Schiff

The Schiff program computes the radiative properties of soft particles. It uses the Monte-Carlo method to solve Maxwell's equations within the L. Schiff's approximation as presented in Charon et al. 2025. The main advantages of using Monte-Carlo are: the possibility to address any shape of particle, and the results are provided with a numerical accuracy.

For a mixture of soft particles, Schiff estimates the total cross-sections (absorption, scattering and extinction cross-sections) in addition of the phase function, its cumulative and its inverse cumulative.

The set of particles to simulate is defined by its refractive index - provided at various wavelengths - and a geometry distribution that controls how the particles look like into the mixture. More precisely, this distribution describes the main shapes of the particles (sphere, cylinder, helical pipe, etc.) and their statistical variation according to the distribution of their parameters (gaussian, lognormal, etc.).

Examples of particle shapes handled by Schiff.

Dauchet et al. 2023, "Wave-scattering processes: path-integrals designed for the numerical handling of complex geometries", Optics Letters (open access)
Charon et al. 2016, "Monte Carlo implementation of Schiff׳s approximation for estimating radiative properties of homogeneous, simple-shaped and optically soft particles: Application to photosynthetic micro-organisms", Journal of Quantitative Spectroscopy and Radiative Transfer (open access)
Weitz et al. 2016, "Monte Carlo efficiency improvement by multiple sampling of conditioned integration variables", Journal of Computational Physics (open access)

A straight interface

The Schiff program is a command-line tool that processes input data, performs computations, write results and that's all. It makes no assumptions on how the input data are created excepted that it has to follow the expected file formats. The simulation results are also provided as is, in a raw ASCII format.

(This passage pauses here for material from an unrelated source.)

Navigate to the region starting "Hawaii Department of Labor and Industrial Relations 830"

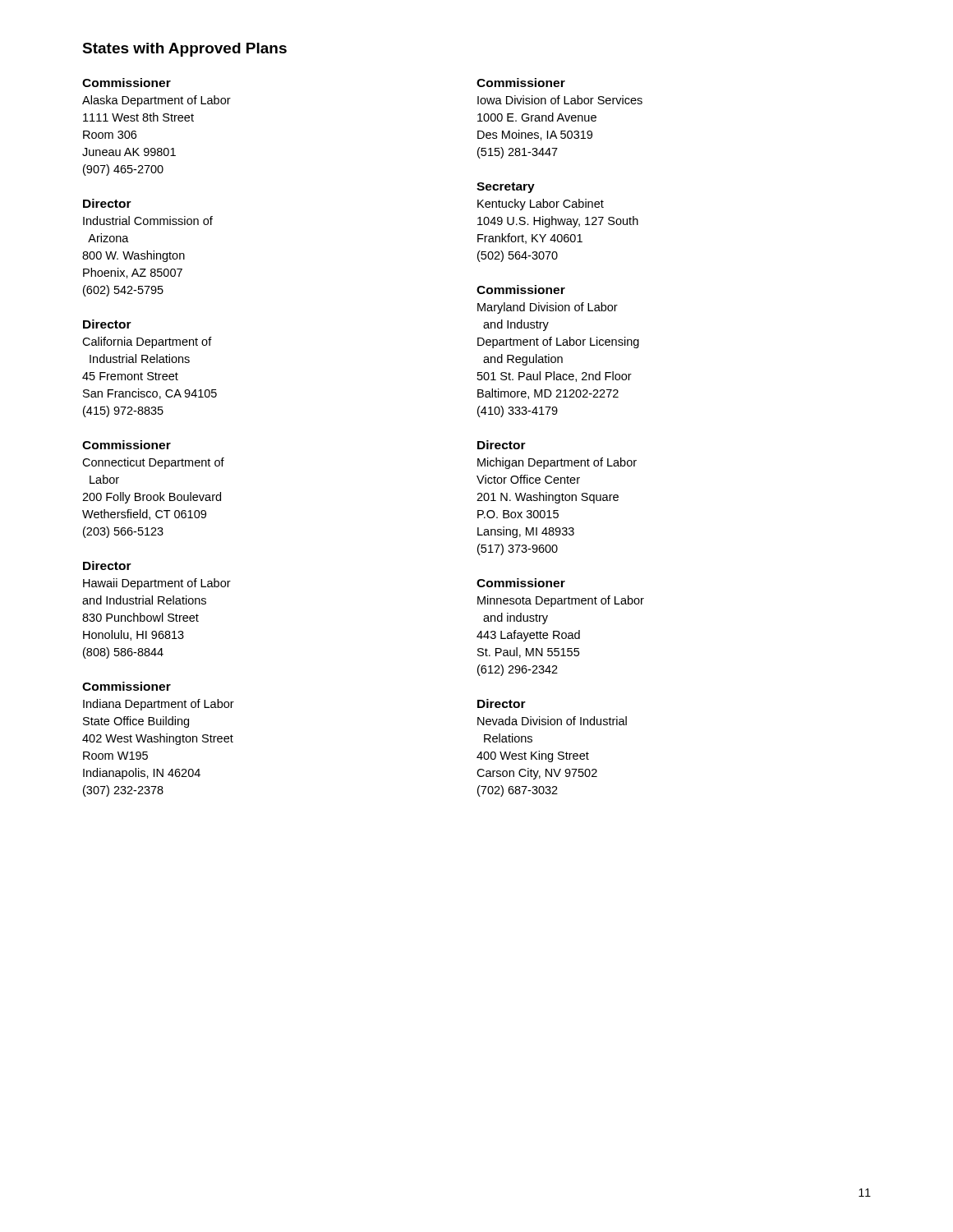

This thin interface is particularly well suited to be extended and integrated into any toolchain. According to the user needs, the optical properties of the particles can be entered manually or generated by an external program. In the same way, the output data can either be directly interpreted or post-processed by any script with respect to the targeted toolchain.

Release notes

Version 0.5

Replace CMake by Makefile as build system.
Update compiler and linker flags to increase the security and robustness of generated binaries.
Convert the manual from man to mdoc.
Thoroughly review the man pages to make them clearer.
Improve the portability of test scripts by converting them from GNU/Bash to the POSIX shell.

Version 0.4.2

Sets the required version of Star-SampPling to 0.12. This version fixes compilation errors with gcc 11 but introduces API breaks.

Version 0.4.1

Displays the time spent constructing the geometric distribution, writing the sampled geometries, and performing the calculations.

Version 0.4

Set the minimum number of scattering angles to 2 rather than the previous and arbitrary limit fixed to 100.
Fix a bug in the generation of the shape of the helical pipe.
Update the short help of the command as well as the man pages.
Add the -D option that discards all computations for large scattering angles.
Add the --version that prints the current version of the schiff command.

Version 0.3.1

Reformat the man pages.

History

schiff was funded from 2015 to 2016 by the ALGUE project, which was supported by the IDEX program. |Méso|Star> was sub-contractor of the project.

License

Copyright (C) 2015, 2016, 2026 Centre National de la Recherche Scientifique
Copyright (C) 2026 Clermont Auvergne INP
Copyright (C) 2026 Institut Mines Télécom Albi-Carmaux
Copyright (C) 2017, 2019-2021, 2026 |Méso|Star> (contact@meso-star.com)
Copyright (C) 2026 Université de Lorraine
Copyright (C) 2026 Université de Toulouse

Schiff is free software released under the GPL v3+ license: GNU GPL version 3 or later. You are welcome to redistribute it under certain conditions; refer to the COPYING file for details.